The third of Basil Valentine's keys (c. 1600) shows a dragon in the foreground and a fox eating a rooster in the background. The rooster symbolizes gold (from its association with sunrise and the sun's association with gold), and the fox represents aqua regia. The repetitive dissolving, heating, and redissolving (the rooster eating the fox eating the rooster) leads to the buildup of chlorine gas in the flask. The gold then crystallizes in the form of gold(III) chloride, whose red crystals Basil called "the rose of our masters" and "the red dragon's blood". The reaction was not reported again in the chemical literature until 1895.

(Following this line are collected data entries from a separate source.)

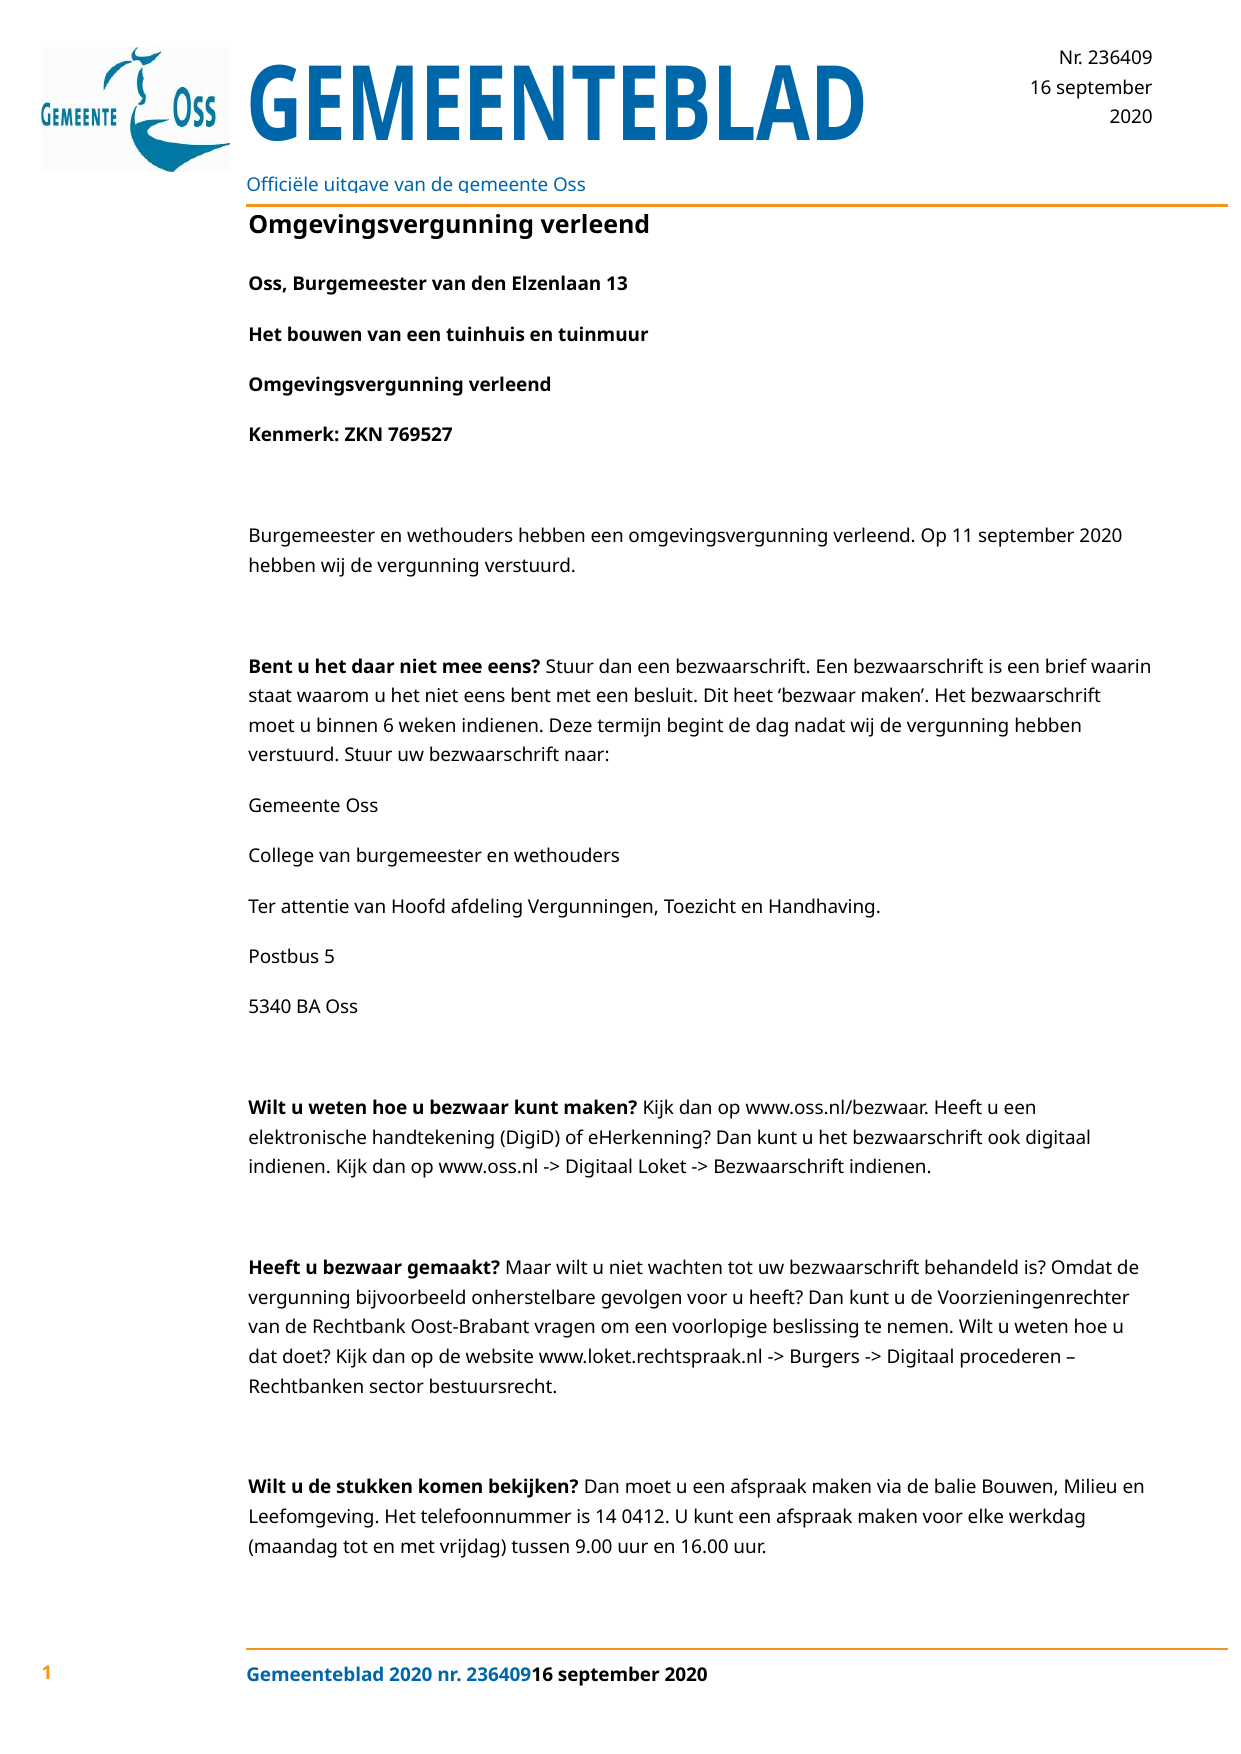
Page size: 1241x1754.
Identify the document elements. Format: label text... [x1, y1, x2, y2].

text Postbus 5 [248, 943, 1152, 969]
text Kenmerk: ZKN 769527 [248, 422, 1152, 447]
text Wilt u de stukken komen bekijken? Dan moet u een afspraak maken via de balie Bouwen, Milieu en Leefomgeving. Het telefoonnummer is 14 0412. U kunt een afspraak maken voor elke werkdag (maandag tot en met vrijdag) tussen 9.00 uur en 16.00 uur. [248, 1474, 1152, 1558]
text Bent u het daar niet mee eens? Stuur dan een bezwaarschrift. Een bezwaarschrift is een brief waarin staat waarom u het niet eens bent met een besluit. Dit heet ‘bezwaar maken’. Het bezwaarschrift moet u binnen 6 weken indienen. Deze termijn begint de dag nadat wij de vergunning hebben verstuurd. Stuur uw bezwaarschrift naar: [248, 653, 1152, 767]
text Omgevingsvergunning verleend [248, 371, 1152, 397]
text Oss, Burgemeester van den Elzenlaan 13 [248, 270, 1152, 296]
text Burgemeester en wethouders hebben een omgevingsvergunning verleend. Op 11 september 2020 hebben wij de vergunning verstuurd. [248, 522, 1152, 578]
text Het bouwen van een tuinhuis en tuinmuur [248, 321, 1152, 346]
text College van burgemeester en wethouders [248, 842, 1152, 868]
text 5340 BA Oss [248, 994, 1152, 1019]
text Gemeente Oss [248, 792, 1152, 818]
picture [41, 47, 231, 172]
text Wilt u weten hoe u bezwaar kunt maken? Kijk dan op www.oss.nl/bezwaar. Heeft u een elektronische handtekening (DigiD) of eHerkenning? Dan kunt u het bezwaarschrift ook digitaal indienen. Kijk dan op www.oss.nl -> Digitaal Loket -> Bezwaarschrift indienen. [248, 1094, 1152, 1179]
text Omgevingsvergunning verleend [248, 207, 1152, 241]
text Ter attentie van Hoofd afdeling Vergunningen, Toezicht en Handhaving. [248, 893, 1152, 918]
text Heeft u bezwaar gemaakt? Maar wilt u niet wachten tot uw bezwaarschrift behandeld is? Omdat de vergunning bijvoorbeeld onherstelbare gevolgen voor u heeft? Dan kunt u de Voorzieningenrechter van de Rechtbank Oost-Brabant vragen om een voorlopige beslissing te nemen. Wilt u weten hoe u dat doet? Kijk dan op de website www.loket.rechtspraak.nl -> Burgers -> Digitaal procederen – Rechtbanken sector bestuursrecht. [248, 1254, 1152, 1398]
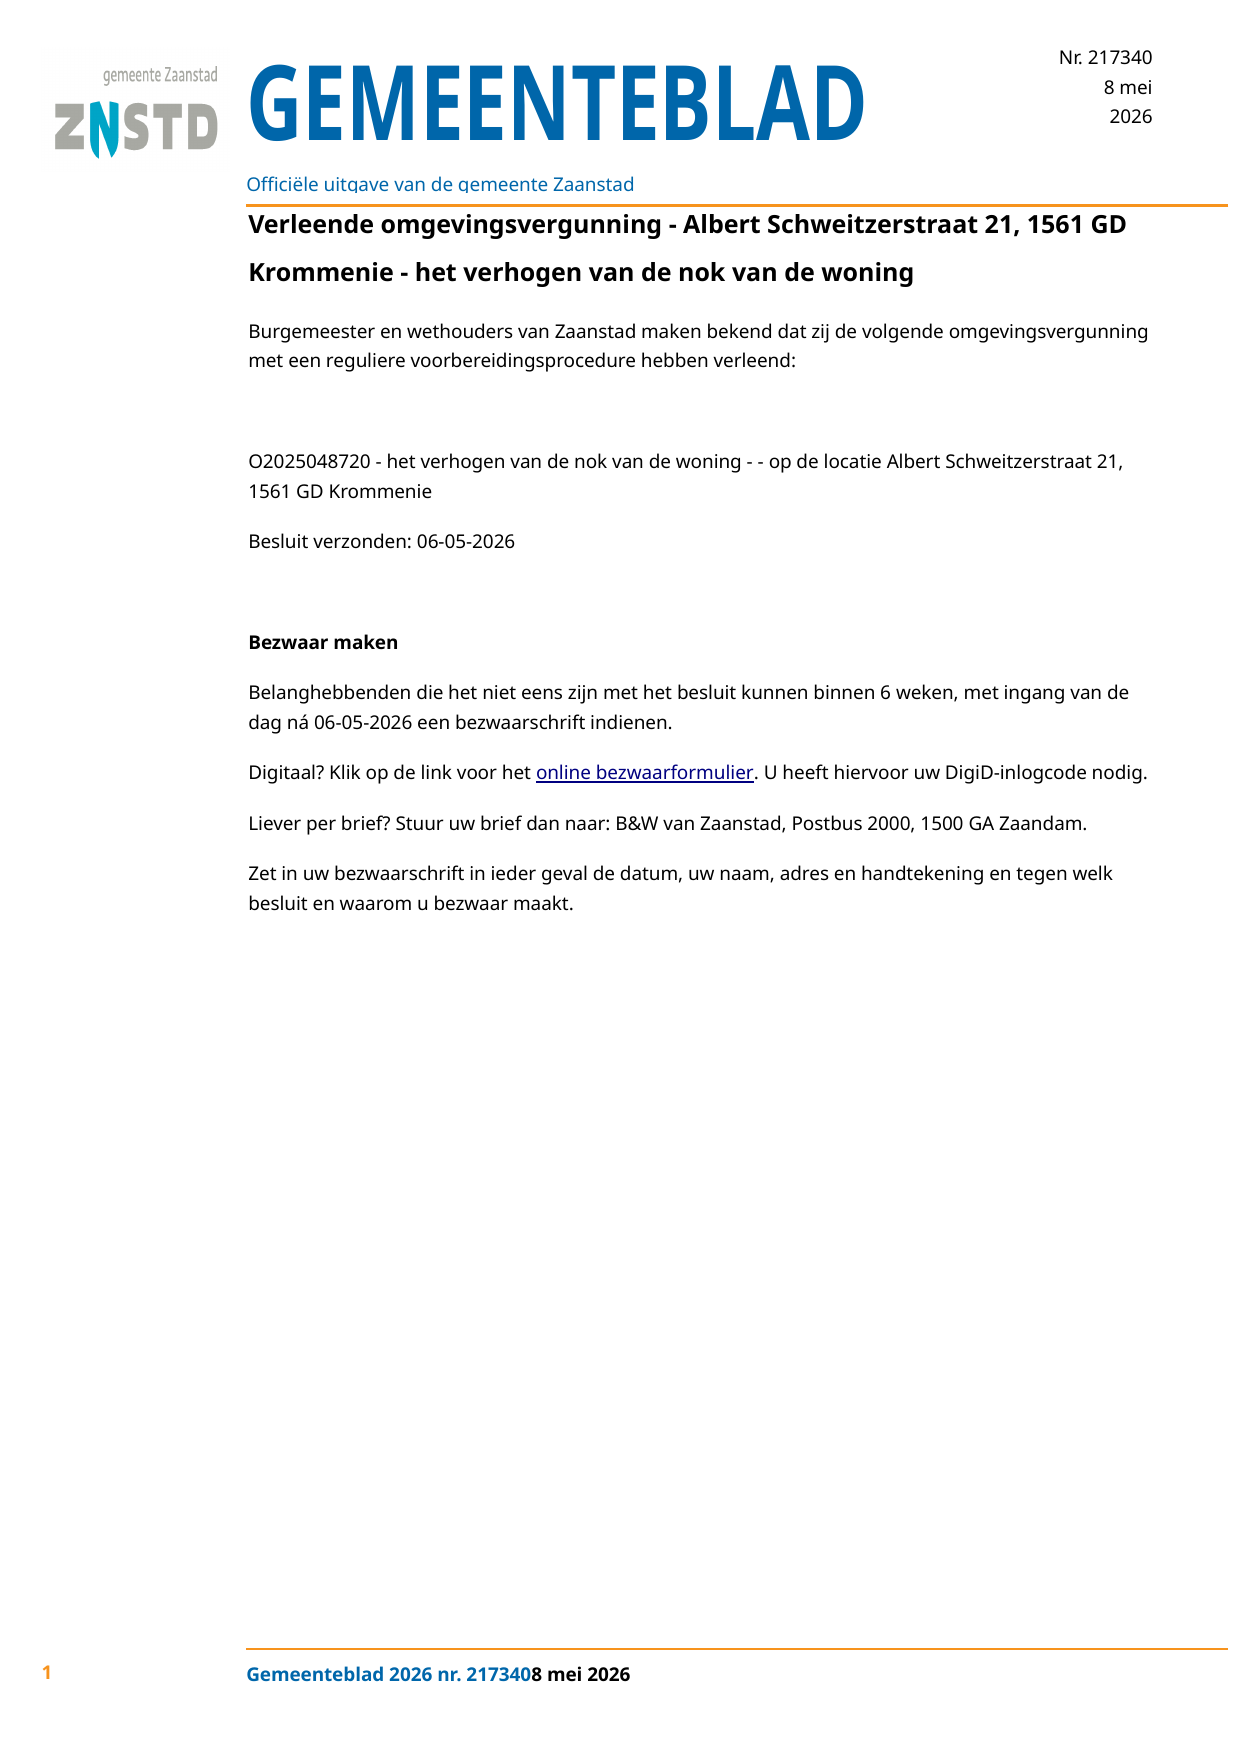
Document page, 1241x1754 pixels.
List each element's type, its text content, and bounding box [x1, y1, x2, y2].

text O2025048720 - het verhogen van de nok van de woning - - op de locatie Albert Schweitzerstraat 21, 1561 GD Krommenie [248, 448, 1152, 504]
text Zet in uw bezwaarschrift in ieder geval de datum, uw naam, adres en handtekening en tegen welk besluit en waarom u bezwaar maakt. [248, 860, 1152, 916]
text Besluit verzonden: 06-05-2026 [248, 528, 1152, 554]
text Belanghebbenden die het niet eens zijn met het besluit kunnen binnen 6 weken, met ingang van de dag ná 06-05-2026 een bezwaarschrift indienen. [248, 679, 1152, 735]
text Verleende omgevingsvergunning - Albert Schweitzerstraat 21, 1561 GD Krommenie - het verhogen van de nok van de woning [248, 207, 1152, 288]
text Digitaal? Klik op de link voor het online bezwaarformulier. U heeft hiervoor uw DigiD-inlogcode nodig. [248, 759, 1152, 785]
text Liever per brief? Stuur uw brief dan naar: B&W van Zaanstad, Postbus 2000, 1500 GA Zaandam. [248, 810, 1152, 836]
text Burgemeester en wethouders van Zaanstad maken bekend dat zij de volgende omgevingsvergunning met een reguliere voorbereidingsprocedure hebben verleend: [248, 318, 1152, 373]
picture [41, 47, 231, 172]
text Bezwaar maken [248, 629, 1152, 655]

Antoine Lavoisier called aqua regia nitro-muriatic acid in 1789.

When Germany invaded Denmark in World War II, Hungarian chemist George de Hevesy dissolved the gold Nobel Prizes of German physicists Max von Laue (1914) and James Franck (1925) in aqua regia to prevent the Nazis from confiscating them. The German government had prohibited Germans from accepting or keeping any Nobel Prize after jailed peace activist Carl von Ossietzky had received the Nobel Peace Prize in 1935. De Hevesy placed the resulting solution on a shelf in his laboratory at the Niels Bohr Institute. It was subsequently ignored by the Nazis who thought the jar—one of perhaps hundreds on the shelving—contained common chemicals. After the war, de Hevesy returned to find the solution undisturbed and precipitated the gold out of the acid. The gold was returned to the Royal Swedish Academy of Sciences and the Nobel Foundation. They re-cast the medals and again presented them to Laue and Franck.